Печорин чуть-чуть побледнел и отвернулся…
– Да, помню! – сказал он, почти тотчас принужденно зевнув… Максим Максимыч стал его упрашивать остаться с ним еще часа два.
«Мы славно пообедаем, – говорил он, – у меня есть два фазана; а кахетинское здесь прекрасное… разумеется, не то, что в Грузии, однако лучшего сорта… Мы поговорим… вы мне расскажете про свое житье в Петербурге… А?..»
– Право, мне нечего рассказывать, дорогой Максим Максимыч. Однако прощайте, мне пора… я спешу… Благодарю, что не забыли… – прибавил он, взяв его за руку.
Старик нахмурил брови… Оп был печален и сердит, хотя старался скрыть это. «Забыть! – проворчал он, – я-то не забыл ничего… Ну, да Бог с вами!.. Не так я думал с вамп встретиться…»
– Ну, полно, полно! – сказал Печорин, обняв его дружески, – неужели я не тот же?.. что делать?.. Всякому своя дорога… Удастся ли еще встретиться – Бог знает!.. – Говоря это, он уже сидел в коляске, и ямщик уже начал подбирать вожжи.
– Постой, постой! – закричал вдруг Максим Максимыч, ухватясь за дверцы коляски, – совсем было забыл… У меня остались ваши бумаги, Григорий Александрович… я их таскаю с собой… думал найти вас в Грузии, а вот где Бог дал свидеться… что мне с ними делать?..
– Что хотите! – отвечал Печорин. – Прощайте…
– Так вы в Персию?.. а когда вернетесь? – кричал вслед Максим Максимыч.
Коляска была уже далеко; но Печорин сделал знак рукой, который можно было перевести следующим образом: вряд ли! да и незачем!..

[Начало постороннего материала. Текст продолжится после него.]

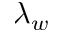Convert formula to latex. <formula><loc_0><loc_0><loc_500><loc_500>\lambda _ { w }</formula>

Давно уже не слышно было ни звона колокольчика, ни стука колес по кремнистой дороге, а бедный старик еще стоял на том же месте в глубокой задумчивости…
Довольно! не будем выписывать длинного и бессвязного монолога, который проговорил огорченный старик, стараясь принять равнодушный вид, хотя слеза досады по временам и сверкала па его ресницах. Довольно: Максим Максимыч и так уже весь перед вами… Если бы вы нашли его, познакомились с ним, двадцать лет прожили с ним в одной крепости, и тогда бы не узнали его лучше. Но мы больше уже не увидимся с ним, а он так интересен, так прекрасен, что грустно так скоро расстаться с ним, и потому взглянем на него еще раз, уже последний…
– Максим Максимыч, – сказал я, подошедши к нему, – а что это за бумаги оставил вам Печорин?
– А Бог его знает! какие-то записки…
– Что вы из них сделаете?
– Что? я велю наделать патронов.
– Отдайте их лучше мне.
Он посмотрел на меня с удивлением, проворчал что-то сквозь зубы и начал рыться в чемодане; вот он вынул одну тетрадку и бросил ее с презрением на землю; потом другая, третья и десятая имели ту же участь: в его досаде было что-то детское; мне стало смешно и жалко.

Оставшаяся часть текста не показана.